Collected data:
= = = = =

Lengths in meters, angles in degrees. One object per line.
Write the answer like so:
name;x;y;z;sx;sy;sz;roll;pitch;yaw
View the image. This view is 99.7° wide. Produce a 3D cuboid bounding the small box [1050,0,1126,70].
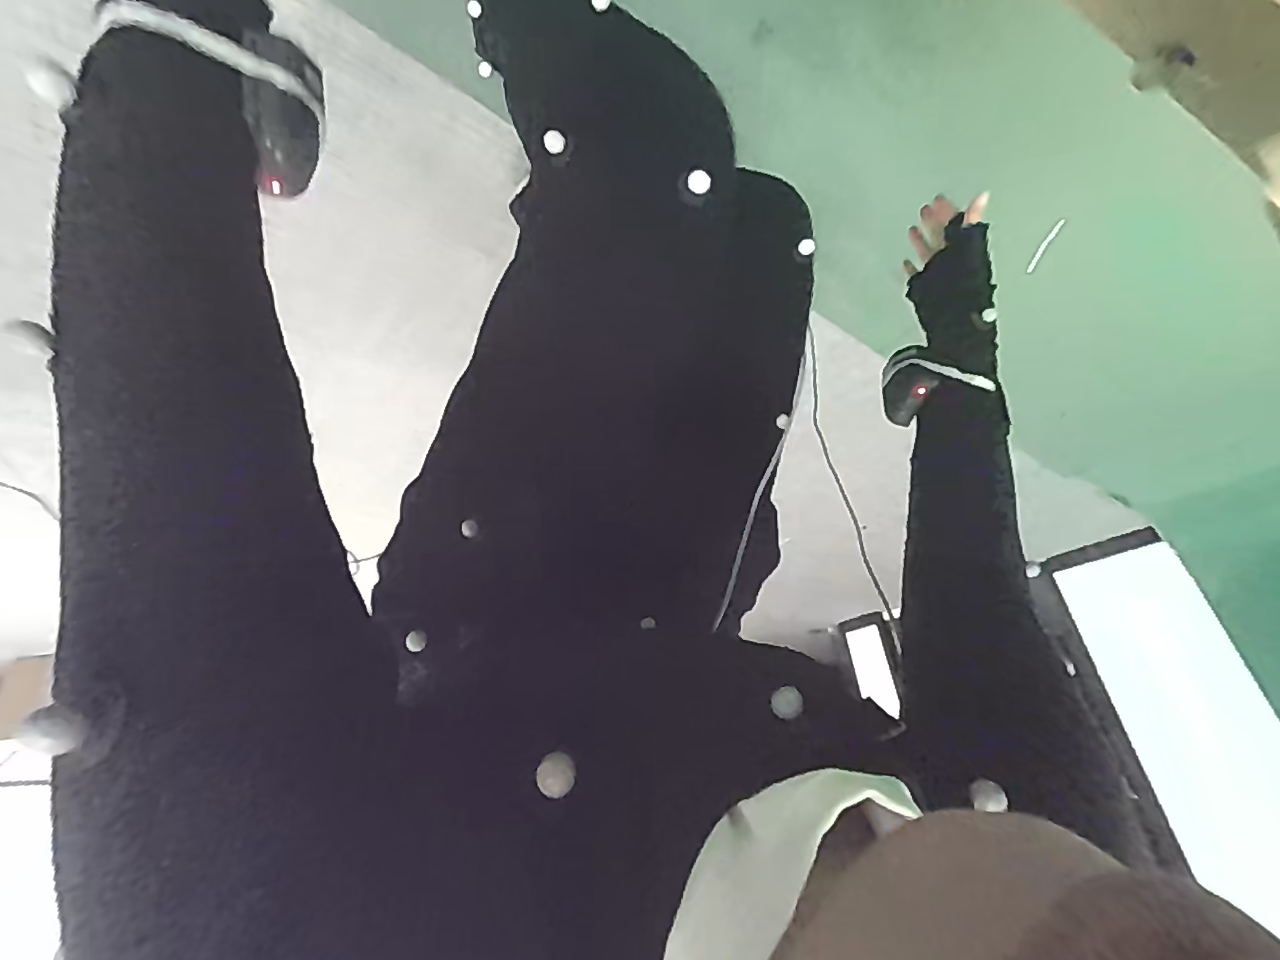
small box;0.271;-0.352;0.249;0.168;0.176;0.179;15;145;-33

= = = = =

• Assigned task
What the records say must be written out exactly, with none of their pictures.

• Solution to this task
Lengths in meters, angles in degrees. One object per line.
Write the answer like so:
name;x;y;z;sx;sy;sz;roll;pitch;yaw
View the image. This view is 99.7° wide. Produce a 3D cuboid bounding the small box [1050,0,1126,70].
small box;0.271;-0.352;0.249;0.168;0.176;0.179;15;145;-33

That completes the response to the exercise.